One or more of our following direct or indirect wholly-owned subsidiaries may fully and unconditionally guarantee any series of debt securities offered by this prospectus, as set forth in a related prospectus supplement:

Geismar Holdings, Inc.

GVGP, Inc.

North American Pipe Corporation

North American Specialty Products LLC

Westech Building Products, Inc.

Westlake Chemical Investments, Inc.

Westlake Development Corporation

Westlake Ethylene Pipeline Corporation

Westlake Geismar Power Company LLC

Westlake Longview Corporation

Westlake Management Services, Inc.

Westlake NG I Corporation

Westlake NG IV Corporation

Westlake NG V Corporation

Westlake Olefins Corporation

Westlake Petrochemicals LLC

Westlake Pipeline Investments LLC

Westlake Polymers LLC

Westlake PVC Corporation

Westlake Resources Corporation

Westlake Styrene LLC

Westlake Supply and Trading Company

Westlake Vinyl Corporation

Westlake Vinyls Company LP

Westlake Vinyls, Inc.

WPT LLC

These subsidiaries are sometimes referred to in this prospectus as possible Subsidiary Guarantors.
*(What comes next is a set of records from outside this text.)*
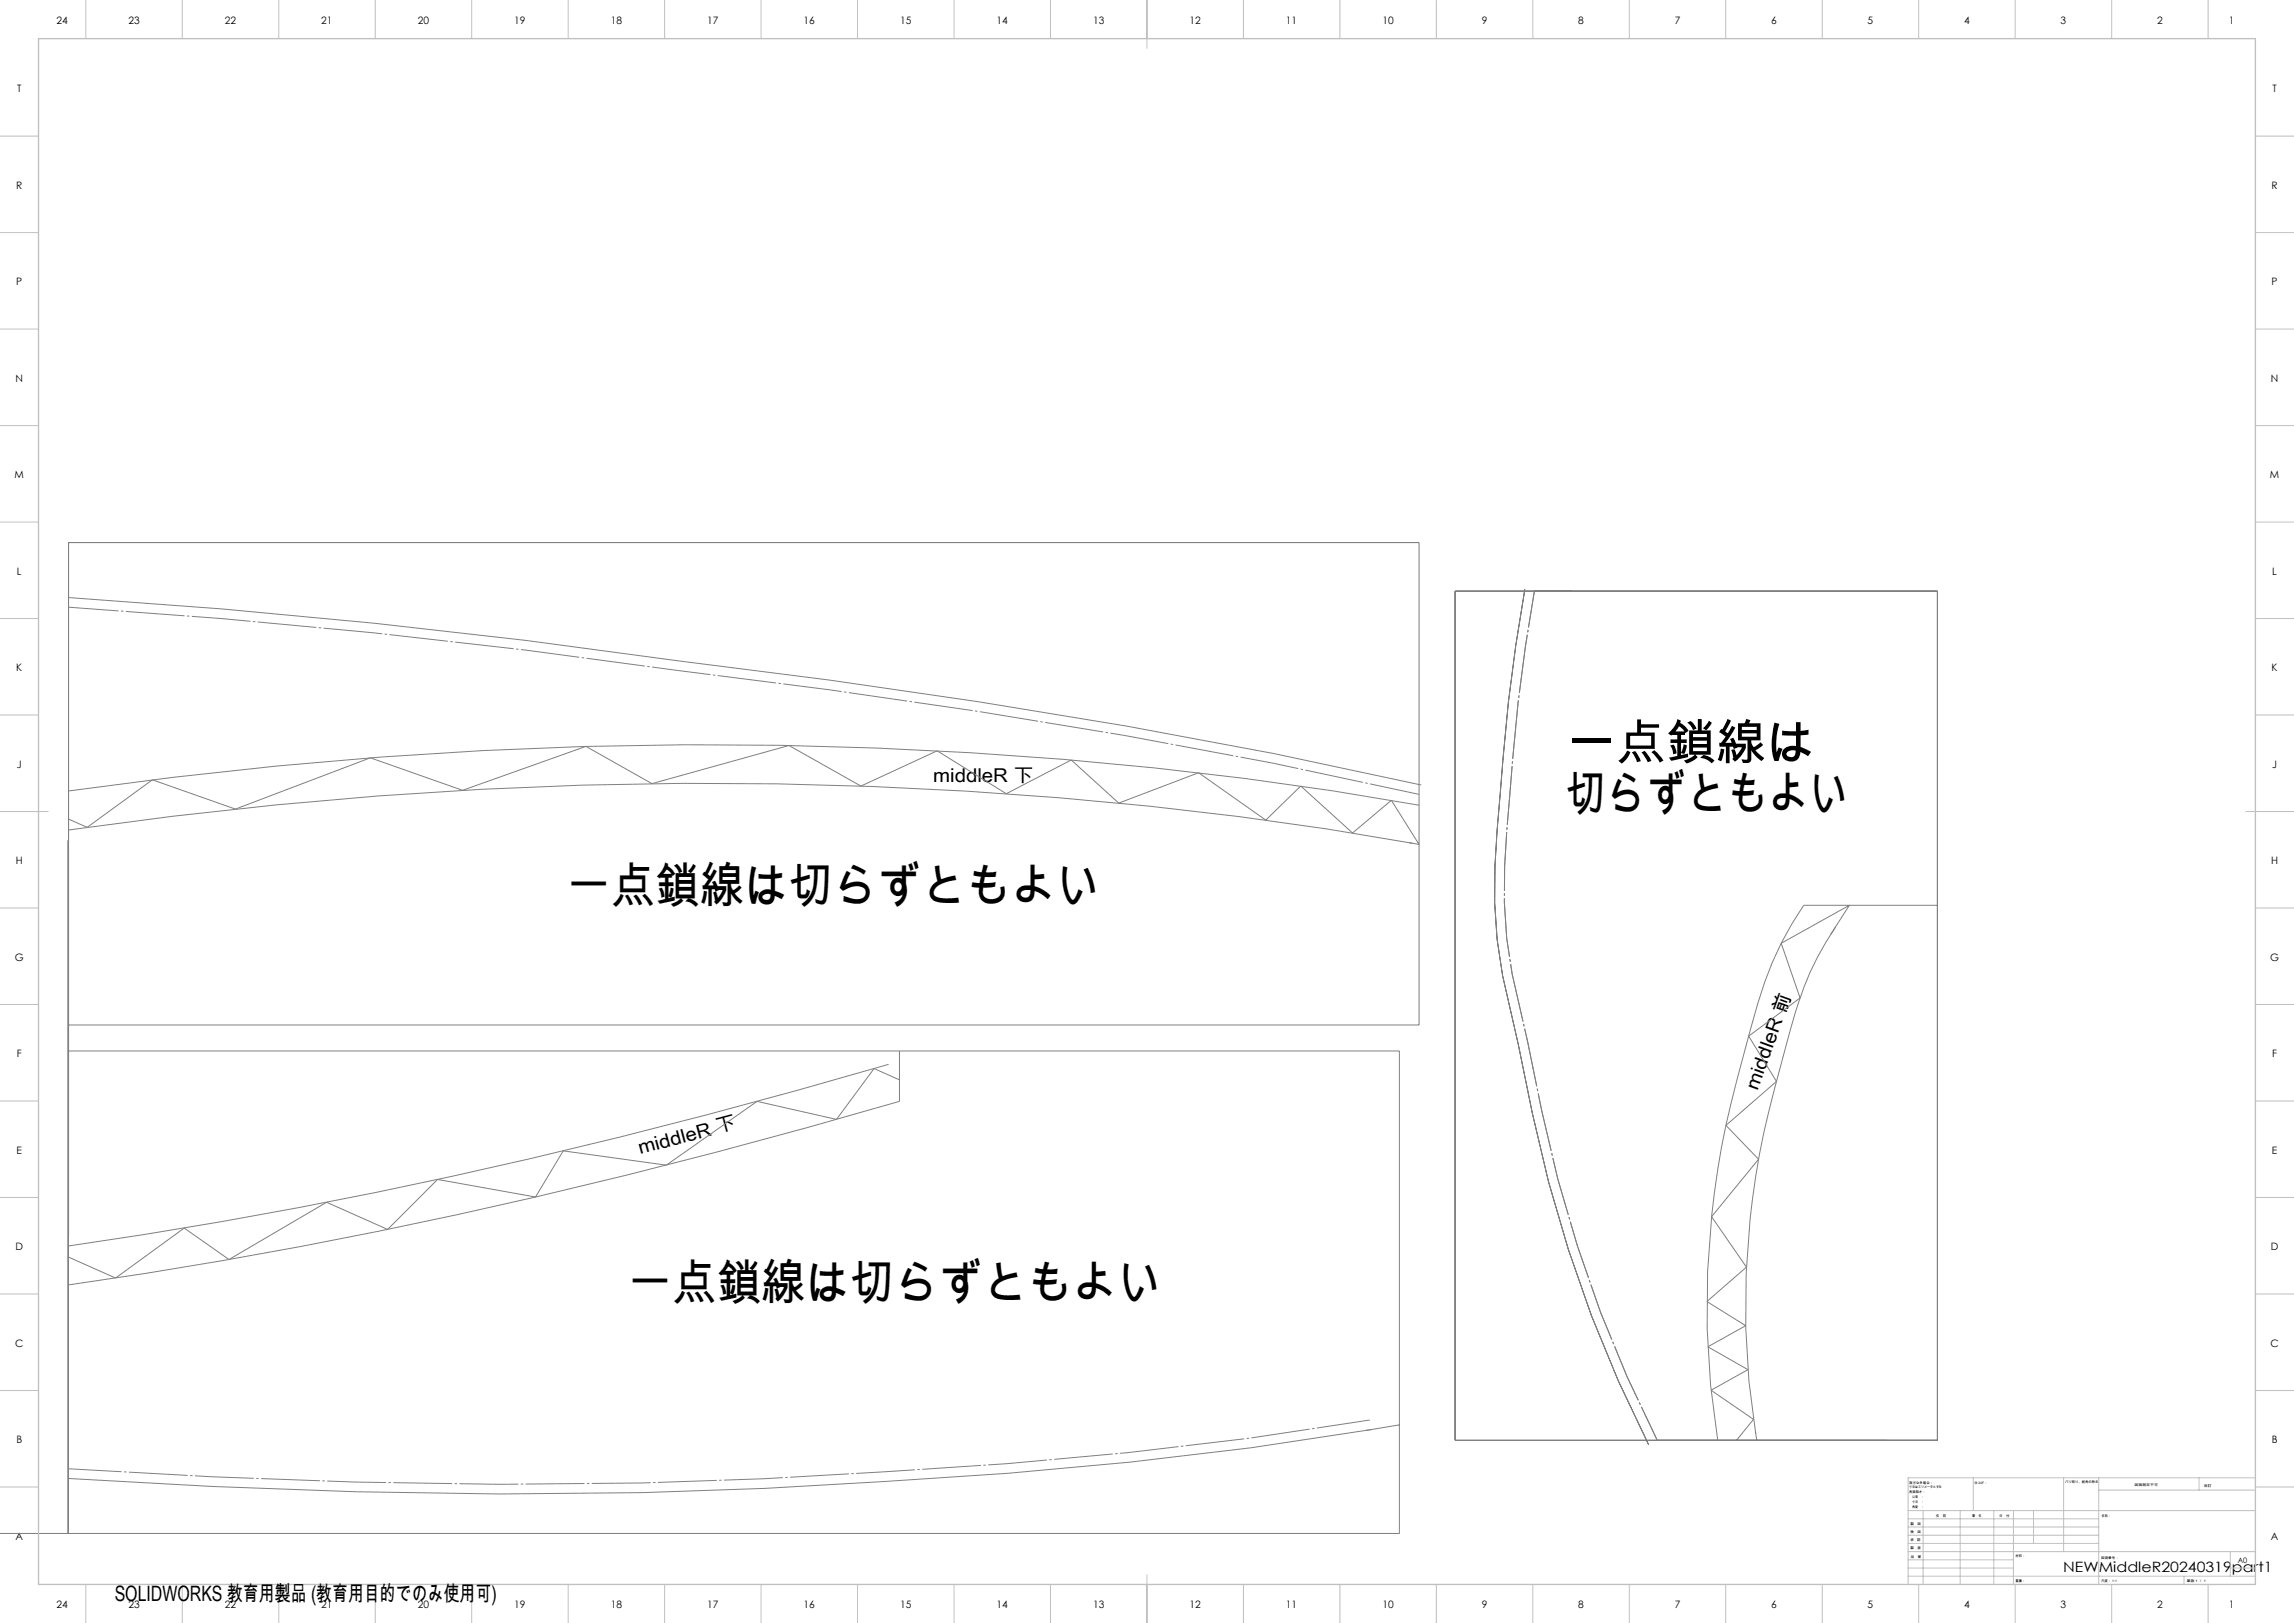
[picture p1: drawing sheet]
<svg xmlns="http://www.w3.org/2000/svg" width="1189mm" height="841mm" viewBox="0 0 1189 841" stroke-linecap="round" stroke-linejoin="round" font-family="sans-serif">
<defs><g id="words">
<g font-size="25.4">
<text x="812" y="394">一点鎖線は</text>
<text x="812" y="420">切らずともよい</text>
<text x="294" y="468">一点鎖線は切らずともよい</text>
<text x="325" y="674">一点鎖線は切らずともよい</text>
</g>
<text font-size="11" x="59" y="830">SOLIDWORKS 教育用製品 (教育用目的でのみ使用可)</text>
<g font-size="9.9">
<text x="484" y="405">middleR 下</text>
<text x="911" y="565" transform="rotate(-70 911 565)">middleR 前</text>
<text x="332" y="598" transform="rotate(-15 332 598)">middleR 下</text>
</g>
<text font-size="7.4" x="1069" y="815">NEWMiddleR20240319part1</text>
<g font-size="5.3">
<text x="29" y="12">24</text>
<text x="67" y="12">23</text>
<text x="117" y="12">22</text>
<text x="167" y="12">21</text>
<text x="217" y="12">20</text>
<text x="267" y="12">19</text>
<text x="317" y="12">18</text>
<text x="367" y="12">17</text>
<text x="417" y="12">16</text>
<text x="467" y="12">15</text>
<text x="517" y="12">14</text>
<text x="567" y="12">13</text>
<text x="617" y="12">12</text>
<text x="667" y="12">11</text>
<text x="717" y="12">10</text>
<text x="768" y="12">9</text>
<text x="818" y="12">8</text>
<text x="868" y="12">7</text>
<text x="918" y="12">6</text>
<text x="968" y="12">5</text>
<text x="1018" y="12">4</text>
<text x="1068" y="12">3</text>
<text x="1118" y="12">2</text>
<text x="1155" y="12">1</text>
<text x="9" y="48">T</text>
<text x="1178" y="48">T</text>
<text x="8" y="98">R</text>
<text x="1177" y="98">R</text>
<text x="8" y="148">P</text>
<text x="1177" y="148">P</text>
<text x="8" y="198">N</text>
<text x="1177" y="198">N</text>
<text x="8" y="248">M</text>
<text x="1177" y="248">M</text>
<text x="9" y="298">L</text>
<text x="1178" y="298">L</text>
<text x="8" y="348">K</text>
<text x="1177" y="348">K</text>
<text x="9" y="398">J</text>
<text x="1178" y="398">J</text>
<text x="8" y="448">H</text>
<text x="1177" y="448">H</text>
<text x="8" y="498">G</text>
<text x="1177" y="498">G</text>
<text x="9" y="548">F</text>
<text x="1178" y="548">F</text>
<text x="9" y="598">E</text>
<text x="1178" y="598">E</text>
<text x="8" y="648">D</text>
<text x="1177" y="648">D</text>
<text x="8" y="698">C</text>
<text x="1177" y="698">C</text>
<text x="8" y="748">B</text>
<text x="1177" y="748">B</text>
<text x="8" y="798">A</text>
<text x="1177" y="798">A</text>
<text x="29" y="833">24</text>
<text x="67" y="833">23</text>
<text x="117" y="833">22</text>
<text x="167" y="833">21</text>
<text x="217" y="833">20</text>
<text x="267" y="833">19</text>
<text x="317" y="833">18</text>
<text x="367" y="833">17</text>
<text x="417" y="833">16</text>
<text x="467" y="833">15</text>
<text x="517" y="833">14</text>
<text x="567" y="833">13</text>
<text x="617" y="833">12</text>
<text x="667" y="833">11</text>
<text x="717" y="833">10</text>
<text x="768" y="833">9</text>
<text x="818" y="833">8</text>
<text x="868" y="833">7</text>
<text x="918" y="833">6</text>
<text x="968" y="833">5</text>
<text x="1018" y="833">4</text>
<text x="1068" y="833">3</text>
<text x="1118" y="833">2</text>
<text x="1155" y="833">1</text>
</g>
<text font-size="3.9" x="1160" y="810">A0</text>
<g font-size="1.7">
<text x="990" y="769">指示なき場合：</text>
<text x="990" y="771">寸法はミリメータとする</text>
<text x="990" y="774">表面粗さ：</text>
<text x="1023" y="769">仕上げ：</text>
<text x="1070" y="769">バリ取り、鋭角の除去</text>
<text x="1106" y="770">図面測定不可</text>
<text x="1142" y="770">改訂</text>
<text x="990" y="776">公差　：</text>
<text x="990" y="779">寸法　：</text>
<text x="990" y="781">角度　：</text>
<text x="990" y="790">製　図</text>
<text x="1003" y="786">名　前</text>
<text x="1019" y="786">署　名</text>
<text x="1036" y="786">日　付</text>
<text x="1089" y="786">名称：</text>
<text x="990" y="794">検　図</text>
<text x="990" y="799">承　認</text>
<text x="990" y="803">製　産</text>
<text x="990" y="807">品　管</text>
<text x="1045" y="807">材料：</text>
<text x="1089" y="808">図面番号：</text>
<text x="1045" y="820">重量：</text>
<text x="1089" y="820">尺度： 1:1</text>
<text x="1133" y="820">葉数 1 ／ 1</text>
</g>
</g></defs>
<g fill="none" stroke="#808080" stroke-width=".52">
<path d="M36 310l79 6 79 7 78 9 158 20 77 12 77 12 76 15 77 16M754 306h250v440h-250zM790 305a1355 1355 0 0 0-15 144v19l1 19 3 19 8 35a757 757 0 0 0 52 175l15 33M36 410a2255 2255 0 0 1 655 0l45 7M35 435v360M36 424l9 5 34-25 43 15 70-26 48 17 64-23 34 19 71-20 37 21 40-18 36 22 33-17 25 22 41-16 35 25 18-18 27 25 20-17 15 23-6-1M36 430a2235 2235 0 0 1 652 0l44 7M1004 469h-69a187 187 0 0 0-28 64 510 510 0 0 0-22 126v30l2 29 3 28M949 484l10-15-36 20 10 28-27 20 15 23-26 23 16 18-24 29 18 27-20 17 20 13-20 11 21 12-19 10 22 15-9 11M951 480a190 190 0 0 0-24 58l-4 13a435 435 0 0 0-13 192M36 531h700v-250h-700v359M35 545h690v250h-725"/>
<path d="M461 552l-94 26a2915 2915 0 0 1-332 68M466 545v26l-95 26a2931 2931 0 0 1-336 69M466 560l-13-6-19 26-42-9-47 33-53-8-14 24-51-9-26 26-32-14-50 30-24-17-35 26-25-11M725 738l-17 3M711 741a2292 2292 0 0 1-252 27 2896 2896 0 0 1-349 2l-75-4M910 742l1 4"/>
</g>
<path d="M710 736a2288 2288 0 0 1-251 27 2886 2886 0 0 1-349 2l-75-4" fill="none" stroke="#808080" stroke-width=".52" stroke-dasharray="30.5 1.3 1.3 1.3" stroke-dashoffset="2.7" stroke-linecap="butt"/>
<path d="M36 315l79 6 78 7 79 9 157 20 77 12 77 12 76 14 77 17" fill="none" stroke="#808080" stroke-width=".52" stroke-dasharray="30.5 1.3 1.3 1.3" stroke-dashoffset="4.5" stroke-linecap="butt"/>
<path d="M859 746a681 681 0 0 1-60-170l-7-36-8-35a262 262 0 0 1-3-75 1355 1355 0 0 1 14-124" fill="none" stroke="#808080" stroke-width=".52" stroke-dasharray="30.5 1.3 1.3 1.3" stroke-dashoffset="11.4" stroke-linecap="butt"/>
<g fill="none" stroke="#c0c0c0" stroke-width=".52">
<path d="M44 0v20M94 0v20M144 0v20M194 0v20M244 0v20M294 0v20M344 0v20M394 0v20M444 0v20M494 0v20M544 0v20M594 0v25"/>
<path d="M644 0v20M694 0v20M744 0v20M794 0v20M844 0v20M894 0v20M944 0v20M994 0v20M1044 0v20M1094 0v20M1144 0v20M0 71h20"/>
<path d="M1169 71h20M0 121h20M1169 121h20M0 171h20M1169 171h20M0 221h20M1169 221h20M0 271h20M1169 271h20M0 321h20M1169 321h20M0 371h20"/>
<path d="M1169 371h20M0 421h25M1164 421h25M0 471h20M1169 471h20M0 521h20M1169 521h20M0 571h20M1169 571h20M0 621h20M1169 621h20M0 671h20"/>
<path d="M1169 671h20M0 721h20M1169 721h20M0 771h20M1023 766v17M1070 766v38M1088 766v55M1088 772h81M1140 766v6M1169 766h-180v55M1169 771h20M989 783h180"/>
<path d="M989 800h99M989 796h99M989 791h99M989 787h99M997 783v38M1016 783v38M1033 783v38M1044 783v38M1054 783v17M594 816v25M989 817h180M989 813h55"/>
<path d="M989 808h55M989 804h180M1132 817v4M1156 813h13M1156 804v13M44 821v20M94 821v20M144 821v20M194 821v20M244 821v20M294 821v20M344 821v20"/>
<path d="M394 821v20M444 821v20M494 821v20M544 821v20M644 821v20M694 821v20M744 821v20M794 821v20M844 821v20M894 821v20M944 821v20M994 821v20"/>
<path d="M1044 821v20M1094 821v20M1144 821v20"/>
</g>
<path d="M20 20h1149v801h-1149z" fill="none" stroke="#c0c0c0" stroke-width=".7"/>
<use href="#words"/>
</svg>

The term “Subsidiary Guarantors” with respect to a series of debt securities refers to those subsidiaries listed above that guarantee that series of debt securities. The applicable prospectus supplement will name the Subsidiary Guarantors, if any, for that series of debt securities and will describe the terms of the guarantee by the Subsidiary Guarantors.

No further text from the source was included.